I stared in the direction he'd indicated. No breaking light, not even a suggestion of exit.

“What happened to the body?” I said.

“Buried in Israel. The family flew over, stayed for a week or so, came back.”

“Jewish mourning rituals take a week.”

He raised his eyebrows.

I said, “I worked the cancer ward.”

He paced around the clearing, looking huge in the dark, vaultlike space.

“Secluded,” I said. “Only a mile from the bus but secluded. It had to be someone who really knew this place well.”

“Problem is, that doesn't narrow it down very much. It's public access, there are always hikers.”

“Too bad there were none around that day. On the other hand, maybe there were.”

He stopped pacing. “What do you mean?”

“The news blackout. How would anyone have known to come forward?”

He thought about that. “Gotta talk to the parents. Though it's probably too late.”

“Maybe you can get them to compromise, Milo. Report the murder without identifying Irit by name. Though I agree, it's unlikely to pay off after all this time.”

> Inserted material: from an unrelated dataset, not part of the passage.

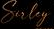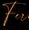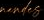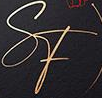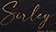Read the text content from these images in order, separated by a semicolon. Suley; Fu; #####; SF; Suley

He kicked a tree hard, muttered, walked around some more, looked in all directions, said, “Anything else?”

I shook my head and we retraced our steps to the parking lot. The U-drive mower was in use now, a dark-skinned man in a khaki uniform and pith helmet riding back and forth on the grass strip. He turned briefly and kept riding. The brim of the helmet shaded his face.

“Waste of time?” said Milo, starting up the unmarked and backing out.

“You can never tell.”

“Got time to read some of the files?”

Thinking of Irit Carmeli's face, I said, “Plenty of time.”